[EXERCISE INSTRUCTIONS] Only the lines holding "object" are wanted. Copy every one from the records below.

[STORED DATA]
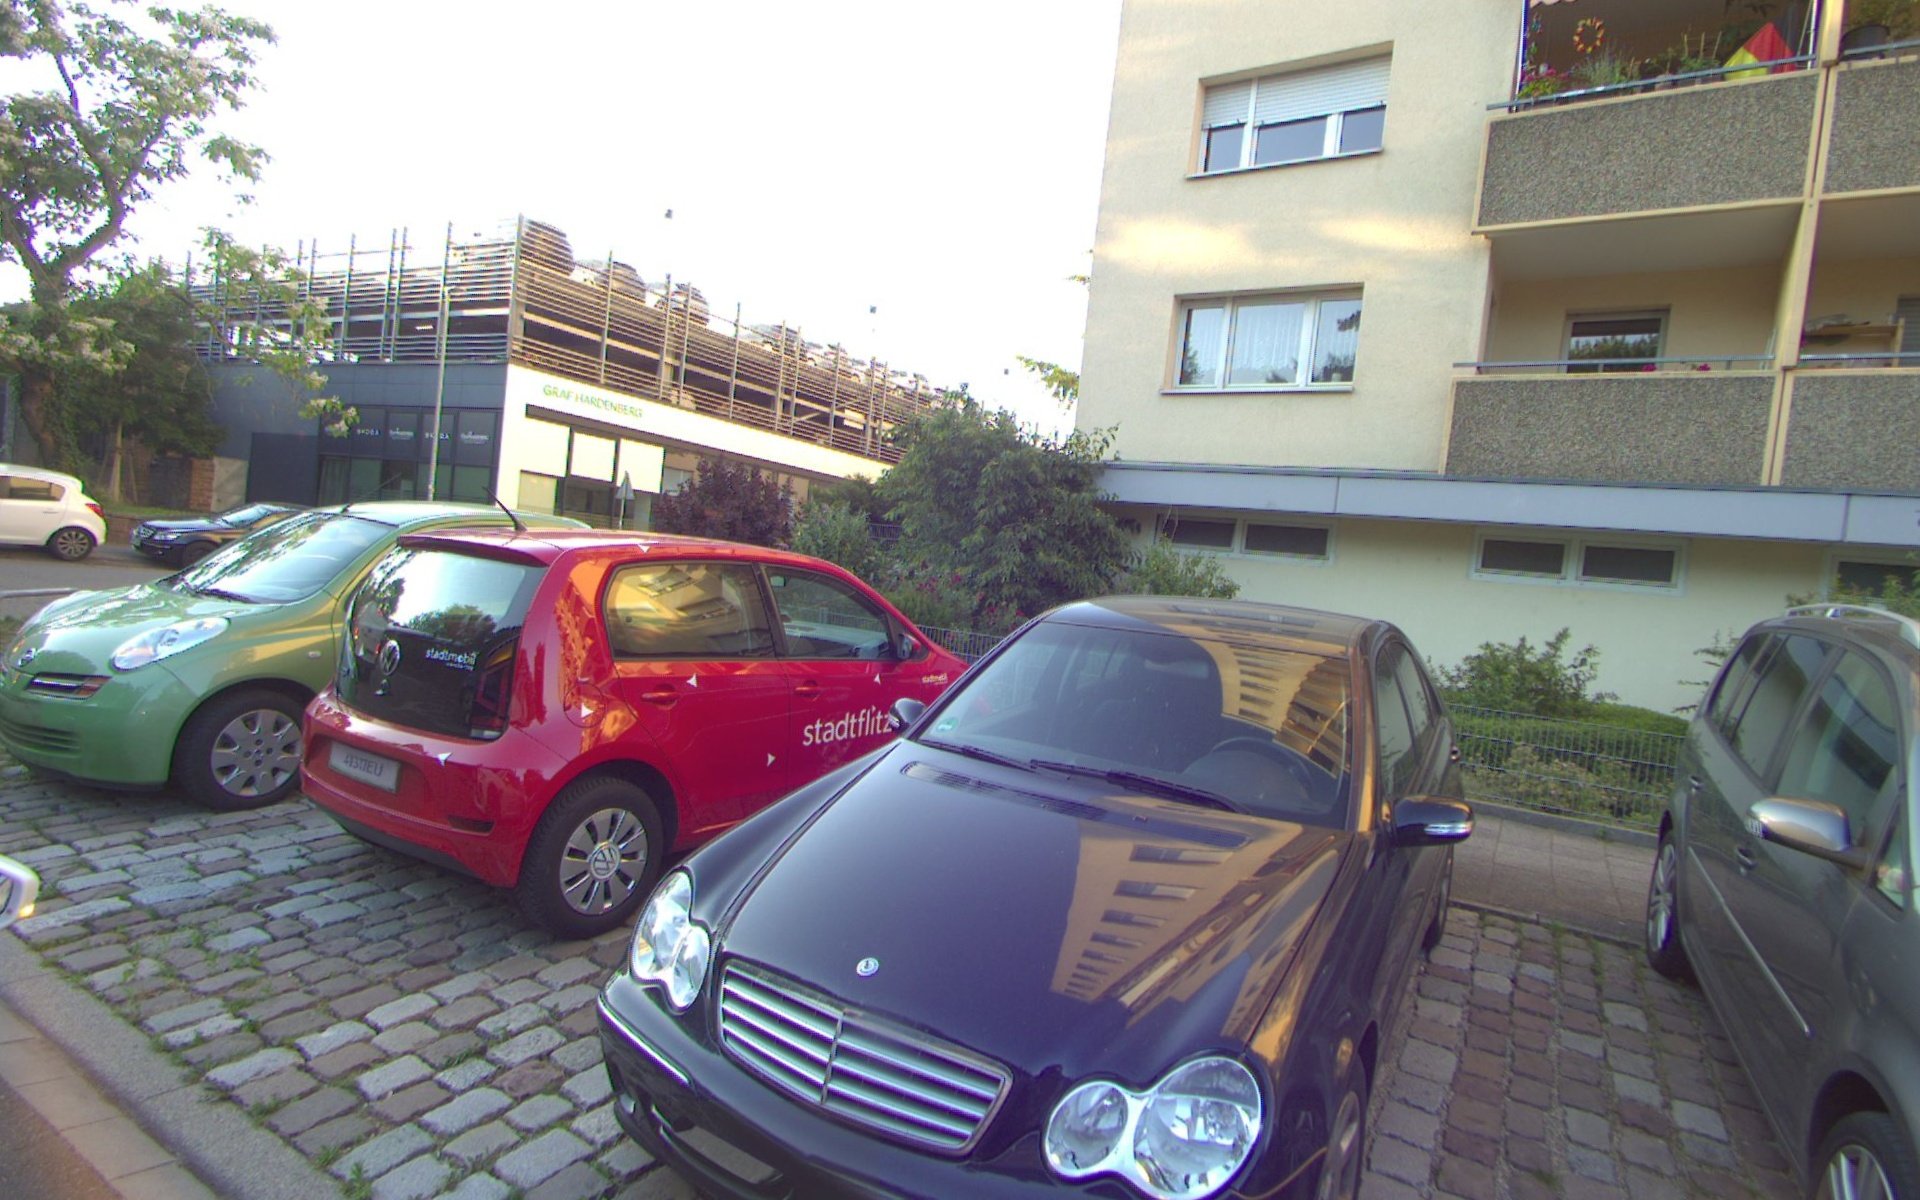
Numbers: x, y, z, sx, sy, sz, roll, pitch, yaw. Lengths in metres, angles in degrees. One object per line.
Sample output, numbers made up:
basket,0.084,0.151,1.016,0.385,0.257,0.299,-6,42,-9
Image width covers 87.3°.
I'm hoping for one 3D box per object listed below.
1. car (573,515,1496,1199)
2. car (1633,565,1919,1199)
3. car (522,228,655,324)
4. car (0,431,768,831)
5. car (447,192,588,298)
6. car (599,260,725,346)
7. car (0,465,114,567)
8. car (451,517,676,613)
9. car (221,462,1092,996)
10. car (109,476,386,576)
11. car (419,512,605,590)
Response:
car,0.963,0.690,3.867,1.814,1.551,4.407,5,1,28
car,3.245,0.835,2.715,1.814,1.684,4.405,5,3,28
car,-12.010,-10.359,32.443,3.938,2.039,1.994,7,0,36
car,-3.415,0.121,6.522,1.814,1.653,4.407,5,1,28
car,-13.330,-10.560,30.236,3.938,2.039,1.994,7,0,36
car,-10.265,-10.132,34.586,3.938,2.039,1.994,7,0,36
car,-17.224,-1.615,17.089,1.924,1.594,3.861,8,1,29
car,-7.973,-0.663,20.525,1.794,1.544,3.835,7,2,35
car,-1.109,0.322,5.510,1.815,1.655,4.398,7,5,32
car,-14.576,-1.469,20.822,1.794,1.523,4.290,7,2,35
car,-11.224,-1.196,25.415,1.794,1.523,3.835,7,2,35

[ANSWER FOR THE TASK]
Numbers: x, y, z, sx, sy, sz, roll, pitch, yaw. Lengths in metres, angles in degrees. One object per line.
I'm hoping for one 3D box per object listed below.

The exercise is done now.